The coefficients of the Logistic Regression model indicate the impact of each feature on the log-odds of having heart disease. A positive coefficient suggests an increased likelihood of heart disease, while a negative coefficient suggests a decreased likelihood, holding other factors constant.

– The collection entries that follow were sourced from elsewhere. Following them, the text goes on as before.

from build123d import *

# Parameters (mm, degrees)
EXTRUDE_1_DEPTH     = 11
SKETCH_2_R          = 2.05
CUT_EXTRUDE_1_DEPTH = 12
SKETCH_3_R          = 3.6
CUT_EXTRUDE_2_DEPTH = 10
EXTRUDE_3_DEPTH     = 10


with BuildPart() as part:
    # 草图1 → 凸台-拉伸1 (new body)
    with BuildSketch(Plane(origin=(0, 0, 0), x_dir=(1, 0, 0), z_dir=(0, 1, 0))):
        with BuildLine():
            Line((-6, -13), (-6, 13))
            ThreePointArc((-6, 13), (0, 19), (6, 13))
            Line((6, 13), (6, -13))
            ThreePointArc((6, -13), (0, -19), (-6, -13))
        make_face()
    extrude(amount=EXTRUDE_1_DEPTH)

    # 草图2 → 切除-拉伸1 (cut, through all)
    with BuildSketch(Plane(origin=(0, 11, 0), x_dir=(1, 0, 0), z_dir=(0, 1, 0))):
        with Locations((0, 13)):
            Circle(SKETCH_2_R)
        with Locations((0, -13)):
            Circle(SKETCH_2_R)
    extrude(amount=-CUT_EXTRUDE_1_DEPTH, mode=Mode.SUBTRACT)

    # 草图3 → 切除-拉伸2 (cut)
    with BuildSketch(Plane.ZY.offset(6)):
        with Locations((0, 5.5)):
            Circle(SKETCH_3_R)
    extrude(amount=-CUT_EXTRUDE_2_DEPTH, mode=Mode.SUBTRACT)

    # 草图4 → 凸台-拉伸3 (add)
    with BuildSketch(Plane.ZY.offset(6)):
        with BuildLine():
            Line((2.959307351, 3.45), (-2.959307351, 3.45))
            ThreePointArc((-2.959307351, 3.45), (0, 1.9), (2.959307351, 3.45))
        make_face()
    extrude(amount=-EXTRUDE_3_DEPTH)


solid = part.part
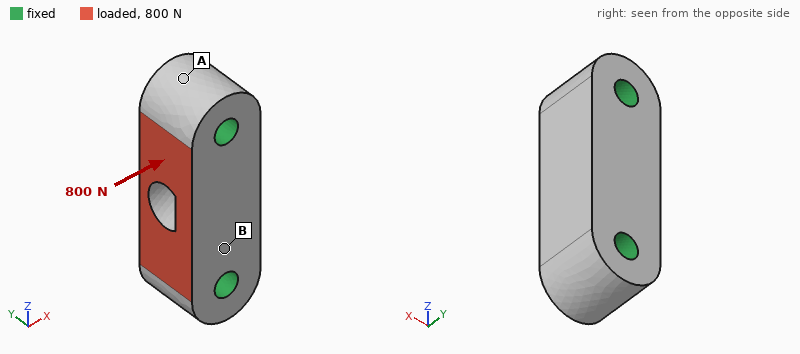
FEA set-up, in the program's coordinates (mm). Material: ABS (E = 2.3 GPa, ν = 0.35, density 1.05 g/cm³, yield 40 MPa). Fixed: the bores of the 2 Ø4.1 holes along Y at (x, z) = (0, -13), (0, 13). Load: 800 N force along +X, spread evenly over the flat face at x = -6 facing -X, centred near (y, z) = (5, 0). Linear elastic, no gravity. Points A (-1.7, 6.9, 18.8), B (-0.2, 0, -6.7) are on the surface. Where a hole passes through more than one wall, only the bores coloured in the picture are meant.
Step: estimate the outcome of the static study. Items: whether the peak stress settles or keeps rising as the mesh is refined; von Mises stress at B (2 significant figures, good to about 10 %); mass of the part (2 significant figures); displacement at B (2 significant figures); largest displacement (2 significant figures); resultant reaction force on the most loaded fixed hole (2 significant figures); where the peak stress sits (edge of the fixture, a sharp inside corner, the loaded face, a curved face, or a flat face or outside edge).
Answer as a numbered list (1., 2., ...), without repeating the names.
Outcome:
1. keeps rising
2. 4.5 MPa
3. 4.2 g
4. 27 µm
5. 50 µm
6. 400 N
7. edge of the fixture
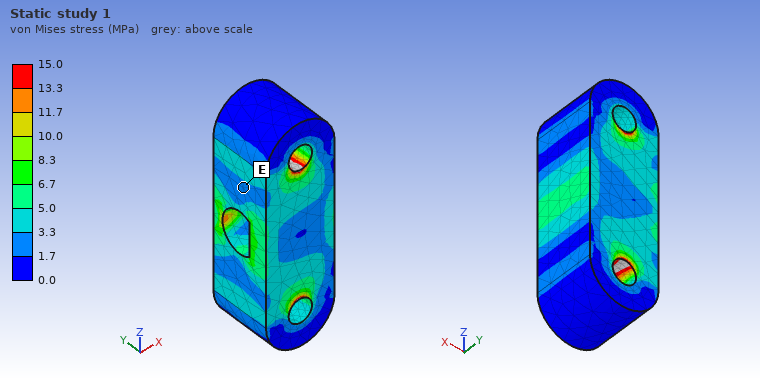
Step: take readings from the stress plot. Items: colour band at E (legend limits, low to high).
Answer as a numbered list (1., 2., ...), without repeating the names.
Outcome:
1. 1.7 to 3.3 MPa
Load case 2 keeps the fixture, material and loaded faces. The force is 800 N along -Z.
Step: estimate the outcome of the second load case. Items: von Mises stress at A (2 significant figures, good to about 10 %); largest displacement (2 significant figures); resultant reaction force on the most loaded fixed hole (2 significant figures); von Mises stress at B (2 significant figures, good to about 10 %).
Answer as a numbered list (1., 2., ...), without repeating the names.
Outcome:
1. 1.3 MPa
2. 31 µm
3. 420 N
4. 2.8 MPa
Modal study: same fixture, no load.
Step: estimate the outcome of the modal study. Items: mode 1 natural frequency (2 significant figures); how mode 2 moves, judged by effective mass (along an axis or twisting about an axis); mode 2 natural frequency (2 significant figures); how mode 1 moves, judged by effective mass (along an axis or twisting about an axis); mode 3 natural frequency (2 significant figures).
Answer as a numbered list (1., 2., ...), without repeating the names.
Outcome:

coefficients_lr <- as.data.frame(coef(summary(model_lr)))
coefficients_lr$Feature <- rownames(coefficients_lr)
coefficients_lr <- coefficients_lr %>%
  select(Feature, Estimate, `Std. Error`, `z value`, `Pr(>|z|)`) %>%
  arrange(desc(Estimate))

knitr::kable(coefficients_lr, caption = "Table 5.3: Logistic Regression Model Coefficients")
Table 5.3: Logistic Regression Model Coefficients
Feature Estimate Std. Error z value Pr(>|z|)
sex_Male sex_Male 0.5452120 0.1132663 4.8135427 0.0000015
exang exang 0.4954557 0.1206757 4.1056772 0.0000403
oldpeak oldpeak 0.4864337 0.1287912 3.7769163 0.0001588
ca ca 0.4163051 0.1381339 3.0137798 0.0025801
(Intercept) (Intercept) 0.3736594 0.1087858 3.4348183 0.0005930
slope_flat slope_flat 0.3624213 0.2098810 1.7267942 0.0842046
age age 0.2400686 0.1212565 1.9798416 0.0477213
fbs fbs 0.1559633 0.1069290 1.4585689 0.1446838
restecg_st.t.abnormality restecg_st.t.abnormality 0.1279991 0.1386015 0.9235042 0.3557445
thal_reversable.defect thal_reversable.defect 0.1273237 0.2107926 0.6040236 0.5458279
trestbps trestbps 0.0841422 0.1109304 0.7585139 0.4481434
restecg_normal restecg_normal 0.0647709 0.1399291 0.4628834 0.6434480
slope_upsloping slope_upsloping 0.0318200 0.2079471 0.1530195 0.8783829
thal_normal thal_normal -0.2408792 0.2026016 -1.1889303 0.2344671
thalch thalch -0.2555859 0.1265934 -2.0189508 0.0434923
cp_typical.angina cp_typical.angina -0.2967041 0.0925180 -3.2069889 0.0013413
chol chol -0.5098626 0.1165415 -4.3749435 0.0000121
cp_non.anginal cp_non.anginal -0.5751430 0.1046513 -5.4958023 0.0000000
cp_atypical.angina cp_atypical.angina -0.7600922 0.1215740 -6.2520962 0.0000000
cat("\nNotes on Coefficient Interpretation:\n")
## 
## Notes on Coefficient Interpretation:
cat("Positive Coefficients:Mean that an increase in this feature (holding other features constant) increases the log-odds of heart disease.\n")
## Positive Coefficients:Mean that an increase in this feature (holding other features constant) increases the log-odds of heart disease.
cat("Negative Coefficients: Mean that an increase in this feature (holding other features constant) decreases the log-odds of heart disease.\n")
## Negative Coefficients: Mean that an increase in this feature (holding other features constant) decreases the log-odds of heart disease.
cat("Magnitude of Coefficient:Indicates the strength of the relationship. Note that this applies to Scaled Features, meaning a 1-unit increase in a scaled feature corresponds to the change in log-odds.\n")
## Magnitude of Coefficient:Indicates the strength of the relationship. Note that this applies to Scaled Features, meaning a 1-unit increase in a scaled feature corresponds to the change in log-odds.
cat("P-value (Pr(>|z|)): A low p-value (typically < 0.05) suggests that the feature is statistically significant in predicting the outcome.\n")
## P-value (Pr(>|z|)): A low p-value (typically < 0.05) suggests that the feature is statistically significant in predicting the outcome.

6 Conclusion and Future Work

6.1 Conclusion

The Logistic Regression model developed for predicting heart disease demonstrates strong performance, achieving an accuracy of 83.61% and an AUC of 0.9197. The high sensitivity and specificity values also confirm the model’s ability to correctly identify both positive and negative cases. The comprehensive preprocessing steps, including handling missing values and one-hot encoding, were crucial in preparing the data for effective modeling.